> [EXERCISE GOAL] Below is a listing. Copy each line of it that holds the word "indicates".

> [MATERIAL SHOWN]

* * * * *

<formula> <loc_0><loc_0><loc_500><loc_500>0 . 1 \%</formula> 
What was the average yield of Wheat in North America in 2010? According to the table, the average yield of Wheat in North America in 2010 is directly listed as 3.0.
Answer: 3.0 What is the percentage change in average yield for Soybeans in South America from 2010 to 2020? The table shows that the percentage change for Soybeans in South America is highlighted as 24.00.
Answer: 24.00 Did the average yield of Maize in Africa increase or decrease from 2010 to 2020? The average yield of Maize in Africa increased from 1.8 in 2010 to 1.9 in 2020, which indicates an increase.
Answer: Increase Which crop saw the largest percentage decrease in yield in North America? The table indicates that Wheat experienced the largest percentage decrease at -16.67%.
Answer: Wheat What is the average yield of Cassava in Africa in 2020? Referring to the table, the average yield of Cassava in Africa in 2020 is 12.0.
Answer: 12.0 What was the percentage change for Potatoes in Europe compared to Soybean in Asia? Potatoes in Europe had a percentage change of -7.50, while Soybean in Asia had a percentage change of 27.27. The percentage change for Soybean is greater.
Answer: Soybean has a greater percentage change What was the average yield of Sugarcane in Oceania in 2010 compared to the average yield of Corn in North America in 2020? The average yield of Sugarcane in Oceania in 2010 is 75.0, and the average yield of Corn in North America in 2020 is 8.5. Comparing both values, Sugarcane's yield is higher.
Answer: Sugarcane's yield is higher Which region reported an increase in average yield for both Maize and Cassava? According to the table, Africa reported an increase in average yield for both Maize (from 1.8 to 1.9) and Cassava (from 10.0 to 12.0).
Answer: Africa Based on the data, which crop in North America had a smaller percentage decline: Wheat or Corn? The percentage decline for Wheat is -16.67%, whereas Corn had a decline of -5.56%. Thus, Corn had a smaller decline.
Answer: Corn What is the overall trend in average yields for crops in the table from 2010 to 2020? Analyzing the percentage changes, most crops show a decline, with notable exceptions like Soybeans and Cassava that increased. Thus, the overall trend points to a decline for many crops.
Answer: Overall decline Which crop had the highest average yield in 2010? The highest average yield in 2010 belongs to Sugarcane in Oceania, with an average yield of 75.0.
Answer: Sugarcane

* * * * *

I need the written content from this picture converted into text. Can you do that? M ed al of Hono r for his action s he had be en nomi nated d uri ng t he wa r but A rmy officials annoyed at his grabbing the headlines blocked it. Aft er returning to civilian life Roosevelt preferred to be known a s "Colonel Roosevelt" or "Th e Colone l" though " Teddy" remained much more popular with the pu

* * * * *

> [ANSWER FOR THE TASK]
Answer: 24.00 Did the average yield of Maize in Africa increase or decrease from 2010 to 2020? The average yield of Maize in Africa increased from 1.8 in 2010 to 1.9 in 2020, which indicates an increase.
Answer: Increase Which crop saw the largest percentage decrease in yield in North America? The table indicates that Wheat experienced the largest percentage decrease at -16.67%.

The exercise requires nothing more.